* **WHAT TO PRODUCE**: Write out every line below that includes the word "with".

********

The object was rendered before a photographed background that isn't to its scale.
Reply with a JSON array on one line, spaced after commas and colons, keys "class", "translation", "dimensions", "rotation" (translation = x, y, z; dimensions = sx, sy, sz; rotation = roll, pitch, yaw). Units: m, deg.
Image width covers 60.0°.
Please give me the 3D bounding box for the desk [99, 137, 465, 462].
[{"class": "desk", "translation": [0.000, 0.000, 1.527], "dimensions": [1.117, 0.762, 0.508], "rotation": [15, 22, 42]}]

********

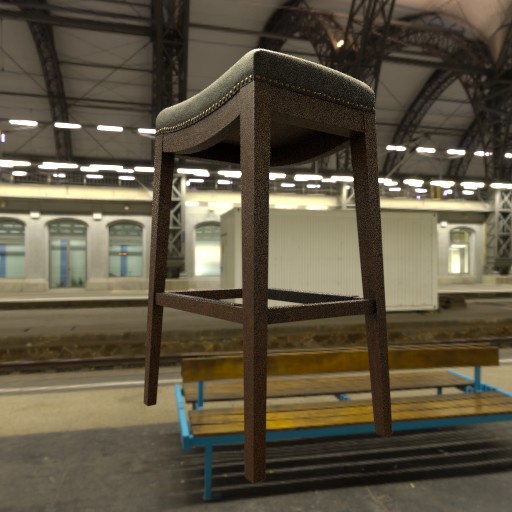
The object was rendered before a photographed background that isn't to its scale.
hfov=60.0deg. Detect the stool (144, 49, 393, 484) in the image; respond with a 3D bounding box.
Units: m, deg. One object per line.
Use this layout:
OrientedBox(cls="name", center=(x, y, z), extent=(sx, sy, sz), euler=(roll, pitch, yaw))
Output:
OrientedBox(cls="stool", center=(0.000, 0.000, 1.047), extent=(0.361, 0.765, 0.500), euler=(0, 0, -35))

********

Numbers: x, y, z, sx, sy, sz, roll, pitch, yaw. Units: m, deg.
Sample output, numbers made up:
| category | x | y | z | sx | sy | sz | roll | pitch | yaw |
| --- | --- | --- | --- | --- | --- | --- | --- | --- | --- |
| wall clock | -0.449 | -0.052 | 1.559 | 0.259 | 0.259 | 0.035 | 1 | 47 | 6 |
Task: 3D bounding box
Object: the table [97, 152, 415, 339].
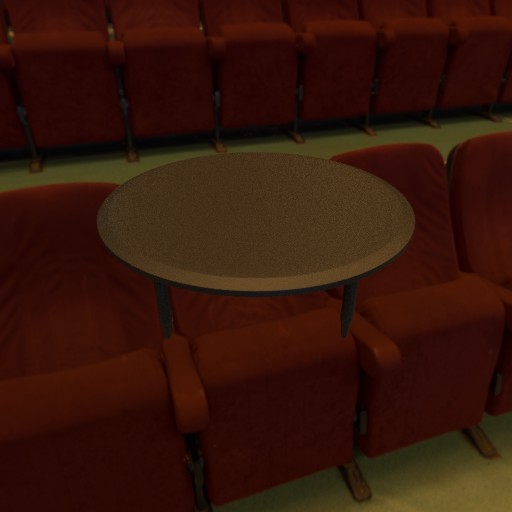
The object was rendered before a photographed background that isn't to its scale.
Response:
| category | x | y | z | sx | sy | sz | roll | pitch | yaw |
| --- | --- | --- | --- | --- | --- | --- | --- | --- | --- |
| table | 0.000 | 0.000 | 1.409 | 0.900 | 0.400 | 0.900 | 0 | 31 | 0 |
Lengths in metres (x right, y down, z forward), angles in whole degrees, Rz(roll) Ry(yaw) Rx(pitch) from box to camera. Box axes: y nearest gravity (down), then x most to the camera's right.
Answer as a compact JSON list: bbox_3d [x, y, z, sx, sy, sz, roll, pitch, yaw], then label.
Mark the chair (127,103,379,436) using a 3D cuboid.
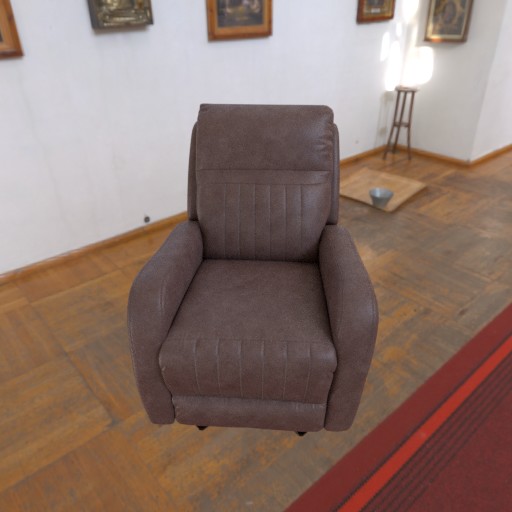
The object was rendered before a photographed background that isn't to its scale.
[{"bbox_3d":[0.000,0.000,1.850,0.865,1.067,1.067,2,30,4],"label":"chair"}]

********

* **SOLUTION FOR THIS EXERCISE**:
Reply with a JSON array on one line, spaced after commas and colons, keys "class", "translation", "dimensions", "rotation" (translation = x, y, z; dimensions = sx, sy, sz; rotation = roll, pitch, yaw). Units: m, deg.
hfov=60.0deg. Detect the stool (144, 49, 393, 484) in the image; respond with a 3D bounding box.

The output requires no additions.